Laura held William’s gaze for long moments. “No,” she said at last.
“At least not the whole, blunt truth as you told it tonight,” William added. “It definitely won’t sit well that our Gods were simply dangerously psychotic humans hopped up on some longevity drug. Megalomaniacs who didn’t know what they were doing when they took the drug or when they fell through that flecture thing.”
“Actually, you’re lucky that they were megalomaniacs with such a strong sense of duty towards their people even in that god-complex state,” Kathryn said. “Believe me--you don’t want to know what could have happened to your people if they’d been the weak-minded, amoral sort.”
Laura’s mouth was suddenly very dry as she and William stared at the other woman in horror.
“It may be different when we get to Earth and your Federation,” she said finding her voice again. “Once there, they won’t have a choice but to face the truth. And added to the religious uproar is the fact that now it seems that we came originally from Earth and not Kobol … how certain are you of that?” she asked quietly.
“Entirely certain,” Kathryn replied, the tone of her voice ringing with truth like a hammer falling against an anvil. “In fact, we have an abundance of hard, scientific evidence from fossil records that human beings evolved from a primatoid ancestor on Earth over two hundred and fifty thousand years ago and there ruins of ancient civilisations that date back almost ten thousand years, all of which have been rigorously studied and dated. Also, your modern written and spoken language is English, which evolved on Earth only about one thousand years ago, and the form you use, for the most part, was cemented through universal literacy for the last four hundred years.”
Laura swallowed hard and nodded as her entire worldview shifted yet again; human beings evolved … on Earth over two hundred and fifty thousand years ago … ancient civilisations … date back almost ten thousands years. It made her feel suddenly small and insignificant; it made everything she thought she knew about humanity and its place in the universe, utterly small and insignificant.
“There are already enough of Quorum members who simply want you and the changes they feel you represent to go away and they don’t even know the half of it,” she said with a harsh, strangled laugh. “Tell them this and they may … no, they will become extremely hostile to you and your people in very short order. We could be looking at riots and loss of life we simply can’t control. We just don’t have enough security personnel to police our population spread out over so many ships and we can’t afford to lose people.
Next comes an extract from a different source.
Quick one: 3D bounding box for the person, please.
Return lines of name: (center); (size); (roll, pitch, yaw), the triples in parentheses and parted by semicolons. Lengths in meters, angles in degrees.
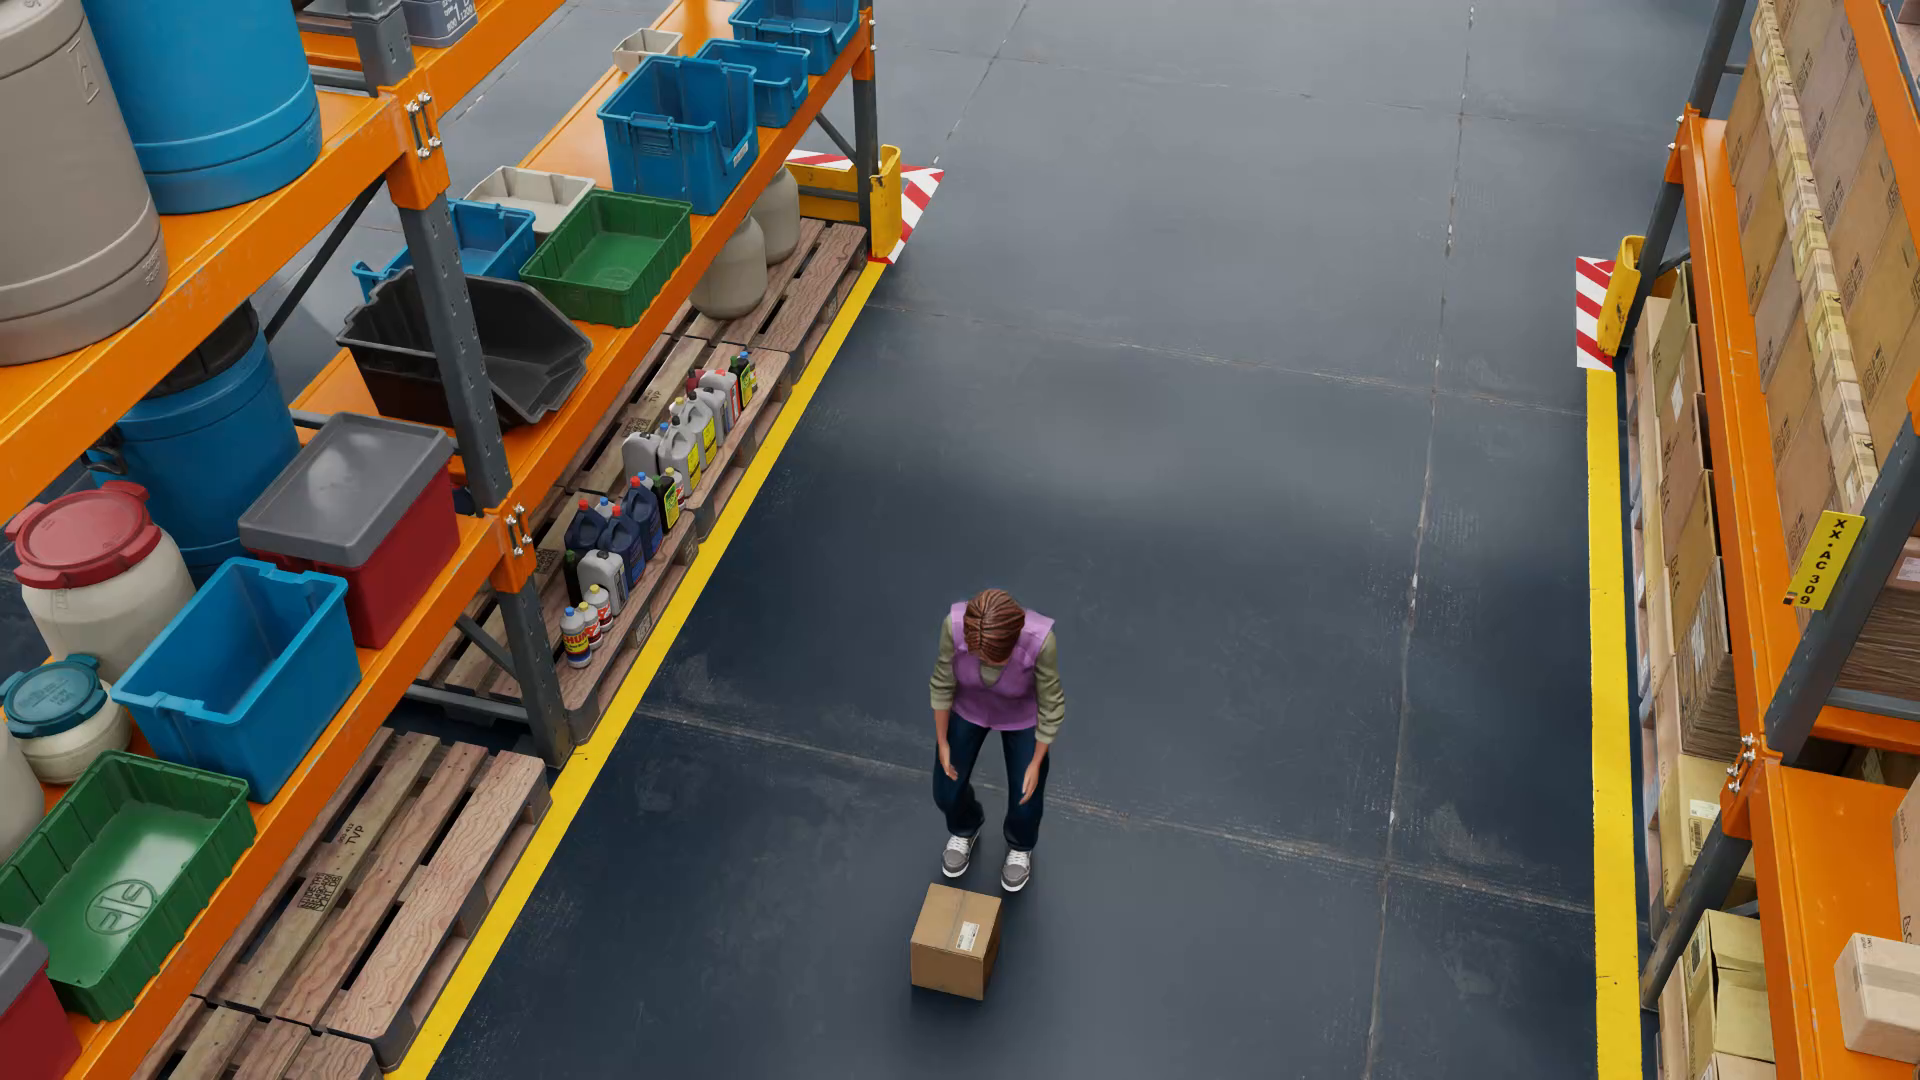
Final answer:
person: (0.133, 0.640, 5.566); (0.451, 1.449, 0.518); (11, 43, 12)

However, I do know that the question of religion will undoubtedly be raised.”
“Then it’s time for the sugar-coated version,” Kathryn said with a wry smile as she tapped the computer again. An image appeared on the screen of blue skies and sparkling ocean dotted with green islands. Zooming in on one of the islands, Laura found herself staring at a great ruined temple on an Acropolis similar to the ruins on Kobol. “It’s time to give your people new hope and a new home.”